Worse yet, condemnation of torture, cruelty, inhuman, or degrading treatment is a hollow gesture when we consider the broader treatment of transpeople in prisons. Too many of us don’t go into protective custody. Instead, too many are placed in positions in which rape and other forms of violence are facilitated and participation of abuses by prison personnel hasn’t been unheard of.19 What about the practice of water-boarding, obviously a practice of torture, sanctioned by the Bush administration in the wars following the 9-11 Attacks? Donald Trump declared in the 2016 Presidential Debates that he would support worse acts than water boarding.20
Such has the potential for wholesale violations of human rights. We rarely hear of abuses precisely because we learn of them second-hand through visitors or a prisoner recently released who has witnessed it or has been a victim. Too often, various authorities want to quash reports of incidents. Some may dismiss reports of ill treatment as “exaggerations” or “inaccuracies” because authorities don’t regard cruelty as “cruel”.
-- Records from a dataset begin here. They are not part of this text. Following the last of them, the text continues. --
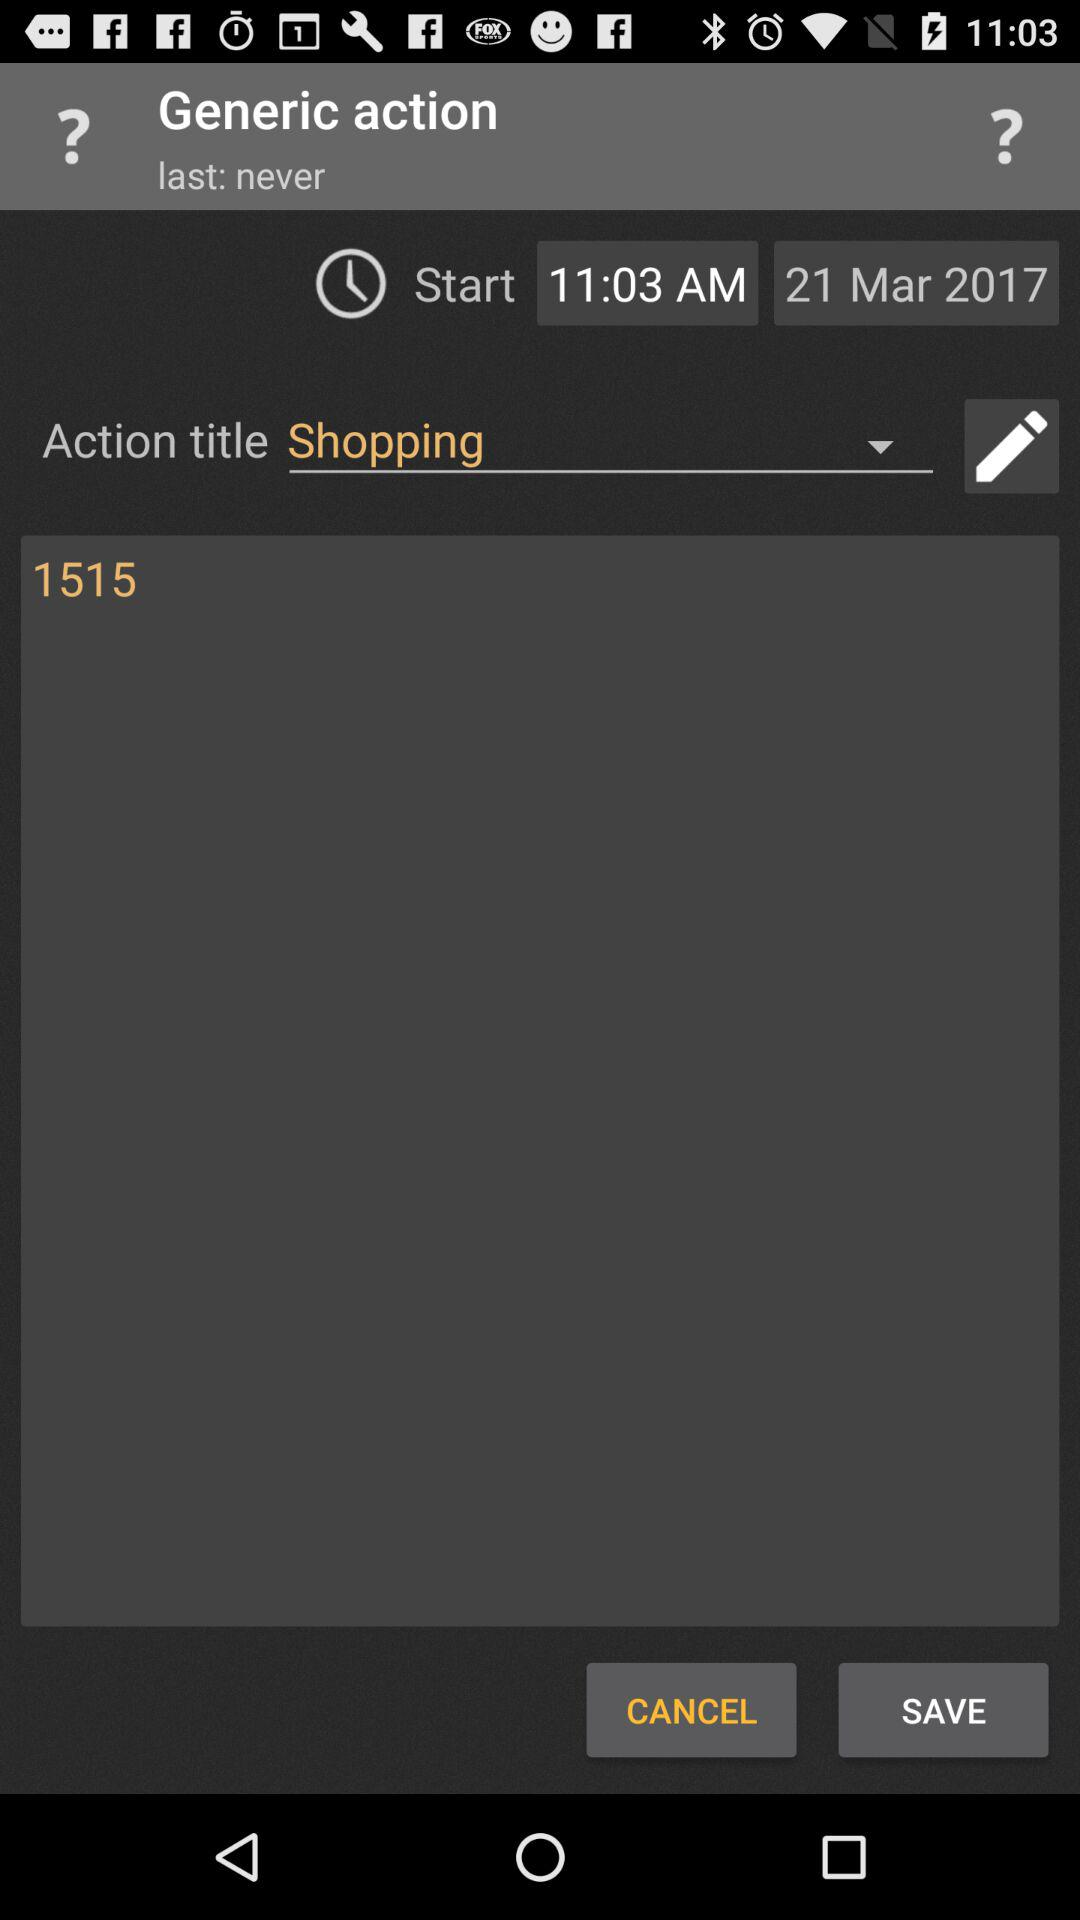What is the start time? The start time is 11:03 AM. 
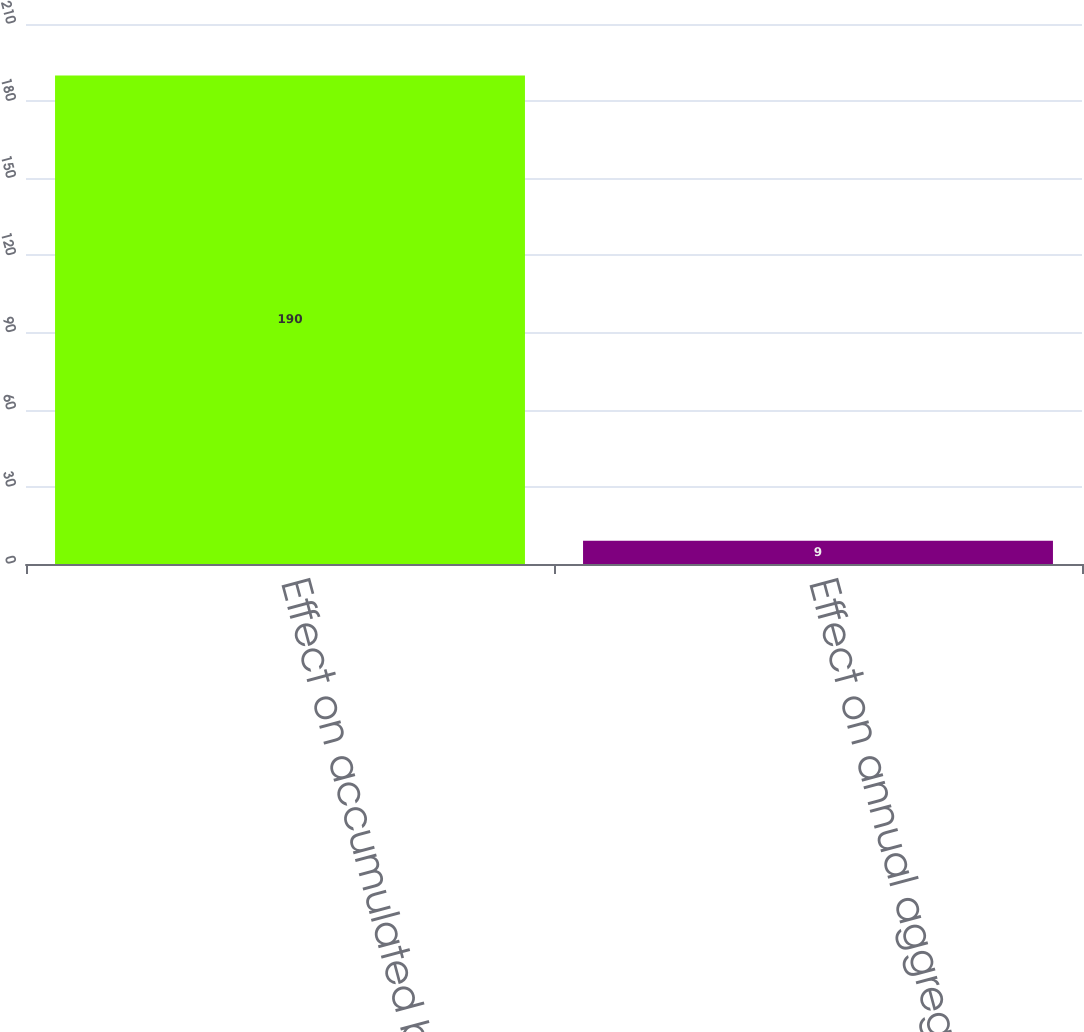Convert chart to OTSL. <chart><loc_0><loc_0><loc_500><loc_500><bar_chart><fcel>Effect on accumulated benefit<fcel>Effect on annual aggregate<nl><fcel>190<fcel>9<nl></chart> 
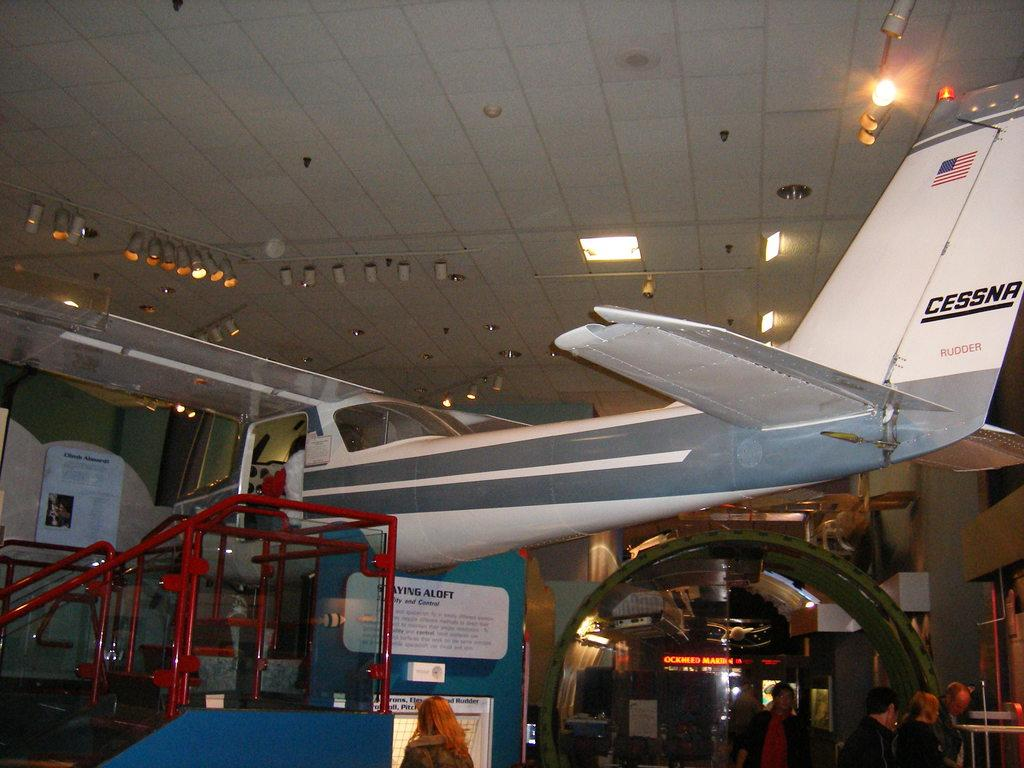<image>
Create a compact narrative representing the image presented. A plane which is marked Cessna on its tailfin is on display. 
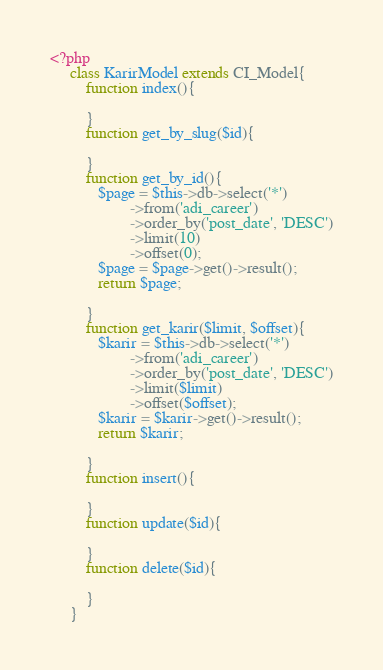Convert code to text. <code><loc_0><loc_0><loc_500><loc_500><_PHP_><?php
     class KarirModel extends CI_Model{
         function index(){

         }
         function get_by_slug($id){

         }
         function get_by_id(){
            $page = $this->db->select('*')
                    ->from('adi_career')
                    ->order_by('post_date', 'DESC')
                    ->limit(10)
                    ->offset(0);
            $page = $page->get()->result();
            return $page;

         }
         function get_karir($limit, $offset){
            $karir = $this->db->select('*')
                    ->from('adi_career')
                    ->order_by('post_date', 'DESC')
                    ->limit($limit)
                    ->offset($offset);
            $karir = $karir->get()->result();
            return $karir;

         }
         function insert(){

         }
         function update($id){

         }
         function delete($id){

         }
     }</code> 
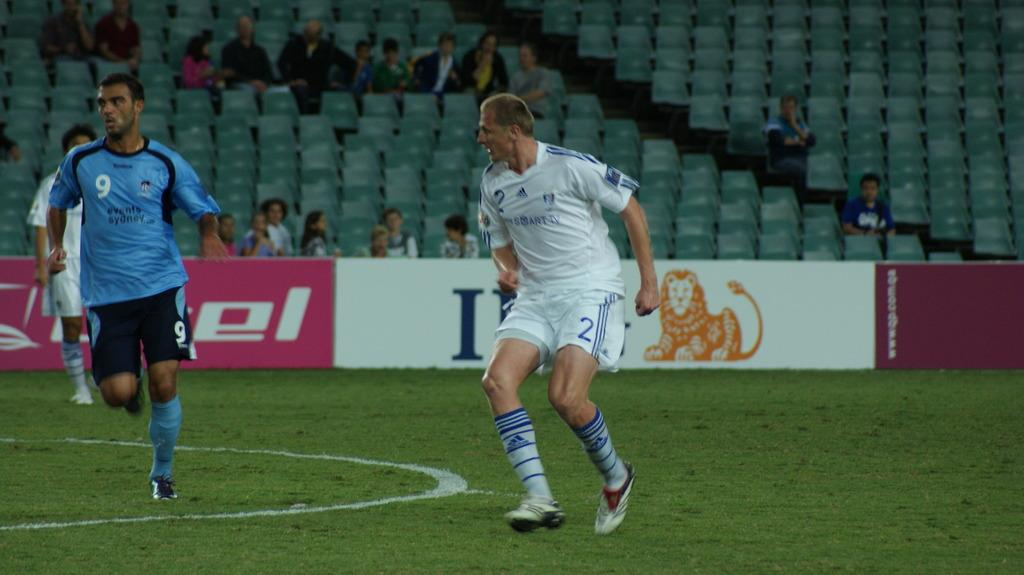<image>
Give a short and clear explanation of the subsequent image. A man in a blue Reebok shirt playing soccor. 
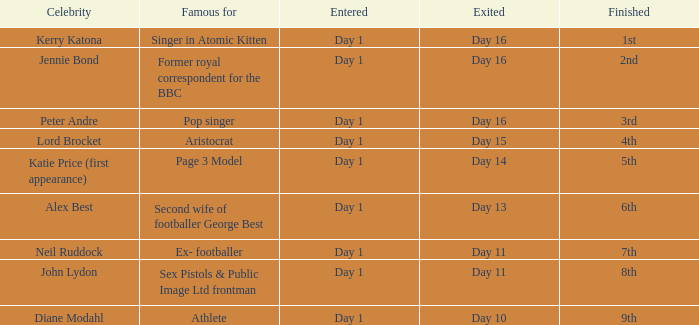Could you parse the entire table? {'header': ['Celebrity', 'Famous for', 'Entered', 'Exited', 'Finished'], 'rows': [['Kerry Katona', 'Singer in Atomic Kitten', 'Day 1', 'Day 16', '1st'], ['Jennie Bond', 'Former royal correspondent for the BBC', 'Day 1', 'Day 16', '2nd'], ['Peter Andre', 'Pop singer', 'Day 1', 'Day 16', '3rd'], ['Lord Brocket', 'Aristocrat', 'Day 1', 'Day 15', '4th'], ['Katie Price (first appearance)', 'Page 3 Model', 'Day 1', 'Day 14', '5th'], ['Alex Best', 'Second wife of footballer George Best', 'Day 1', 'Day 13', '6th'], ['Neil Ruddock', 'Ex- footballer', 'Day 1', 'Day 11', '7th'], ['John Lydon', 'Sex Pistols & Public Image Ltd frontman', 'Day 1', 'Day 11', '8th'], ['Diane Modahl', 'Athlete', 'Day 1', 'Day 10', '9th']]} Identify the finalized outcome for the departed day 13. 6th. 
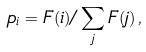<formula> <loc_0><loc_0><loc_500><loc_500>p _ { i } = F ( i ) / \sum _ { j } F ( j ) \, ,</formula> 
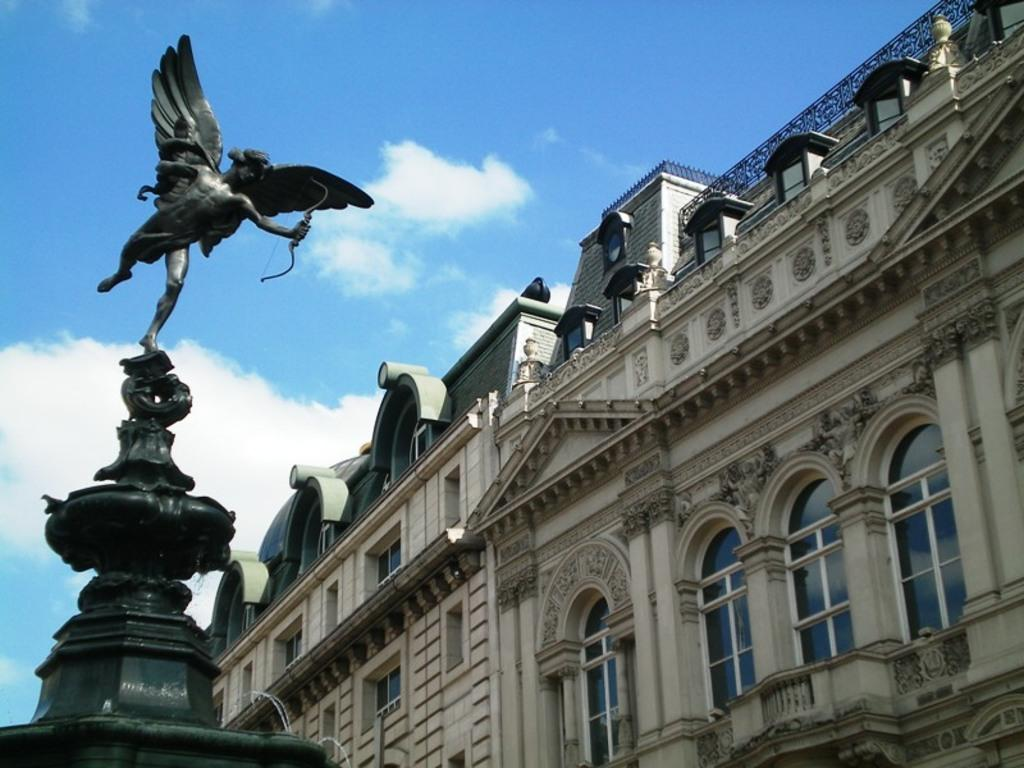What is the main subject of the image? The main subject of the image is a sculpture of a human being with wings. What is the sculpture holding in its hands? The sculpture is holding an archer in its hands. What can be seen on the right side of the image? There is a building on the right side of the image. What is visible at the top of the image? The sky is visible at the top of the image. How many crackers are placed on the sculpture's head in the image? There are no crackers present in the image; it features a sculpture of a human being with wings holding an archer. What type of sign is visible on the building in the image? There is no sign visible on the building in the image; only the building itself is present. 
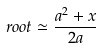<formula> <loc_0><loc_0><loc_500><loc_500>r o o t \simeq \frac { a ^ { 2 } + x } { 2 a }</formula> 
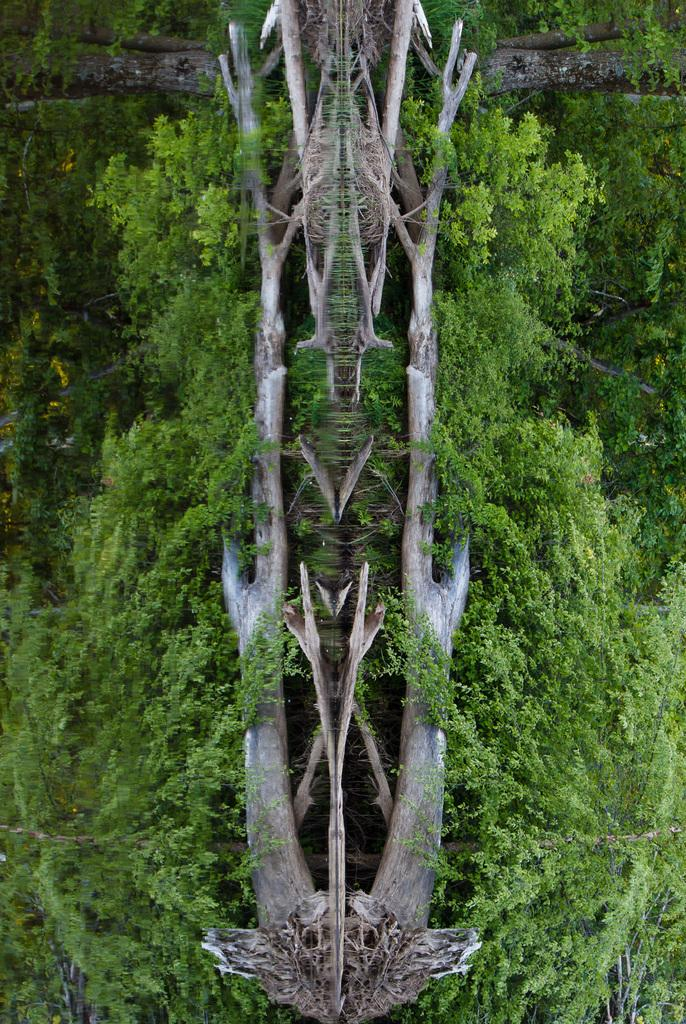What type of material is visible in the image? The image contains the bark of a tree. How many trees are present in the image? There is a group of trees in the image. What type of wool can be seen on the seed in the image? There is no wool or seed present in the image; it features the bark of a tree and a group of trees. 
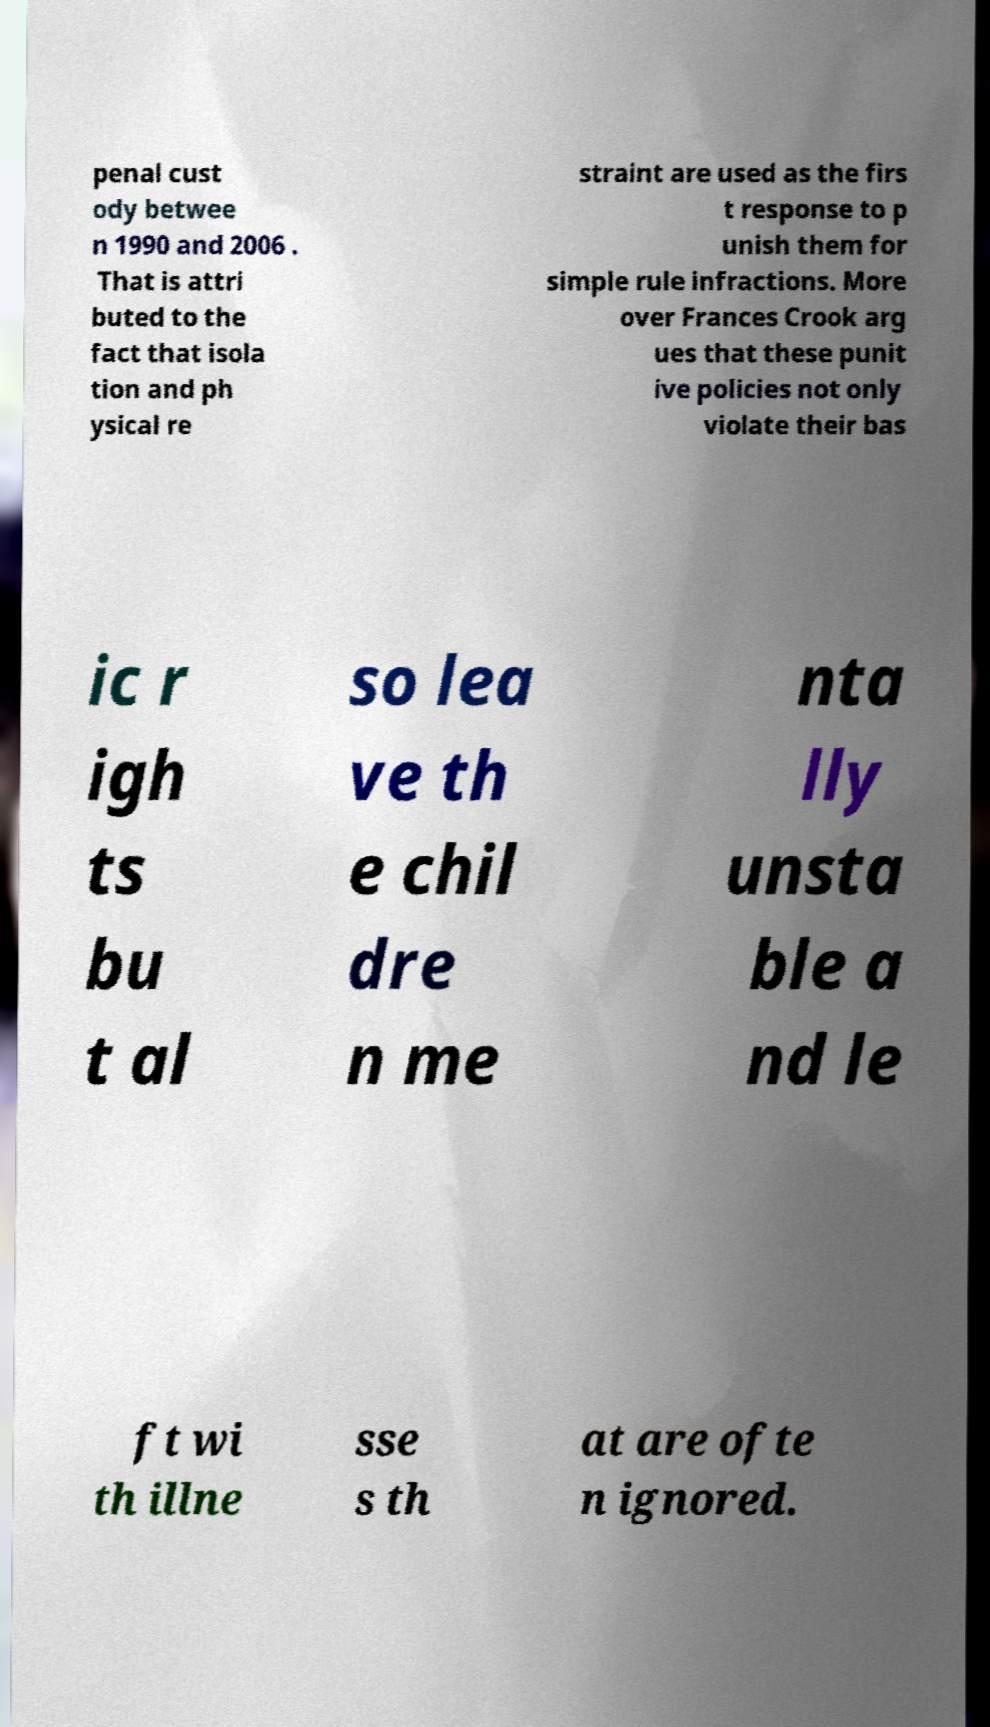Please read and relay the text visible in this image. What does it say? penal cust ody betwee n 1990 and 2006 . That is attri buted to the fact that isola tion and ph ysical re straint are used as the firs t response to p unish them for simple rule infractions. More over Frances Crook arg ues that these punit ive policies not only violate their bas ic r igh ts bu t al so lea ve th e chil dre n me nta lly unsta ble a nd le ft wi th illne sse s th at are ofte n ignored.

We must recognize that “cruel, inhuman, and degrading” are relative terms, too easily subjected to widely disparate opinion and easily manipulated in an authoritarian milieu. We must also recognize that if any demographic becomes subject to legalized prosecution there’s nothing to stop a nation from claiming it has used the death penalty “legally”. Such can even call acts of cruelty “balanced” and even “compassionate” because it has taken upon itself the right to determine accepted definitions.
We must also recognize that public governmental statements do not necessarily reflect what’s said privately. Officials can make public condemnations of torture, cruelty, inhuman or degrading treatment but what’s executed behind the scenes may differ widely from what’s claimed. The vagueness of Mr. Mack’s statement opens the door for us to consider the U.S. may have something of its own to hide.
AFTERMATH AND FOREMATH
Despite the U.S. vote against the resolution, it did pass 27 to 13 with 7 abstaining. Nations joining the United States were Bangladesh, Botswana, Burundi, China, Egypt, Ethiopia, India, Iraq, Japan, Qatar, Saudi Arabia, and the United Arab Emirates. Nations abstaining included Cuba, Indonesia, Kenya, Nigeria, Philippines, South Korea, and Tunisia.21 Many of these nations actively prosecute LGBT peoples. Others simply followed the lead of the Americans or, like India, merely don’t want to interfere with other governments on this while entertaining its own favor toward the death penalty. Huffington Post quoted Amnesty International to reveal they awarded 136 death sentences in 2016, up from 75 in 2015.22
Though the U.N. resolution did pass, we cannot count upon Congress to ratify it. Too easily, what has been accepted at the level of the United Nations becomes effectively nullified at the national level if a nation doesn’t happen to agree with it. Worse yet, citizens may not know that the whole world may be watching incidents of atrocities or mistreatment of prisoners. Prisoners typically face restrictions concerning communications they may exchange during incarceration. Transparency isn’t one of prison staffs’ greater virtues. This has been the case in virtually every nation. The message of the United States and others at the U.N. really amounted to saying, “Back off, nosey.”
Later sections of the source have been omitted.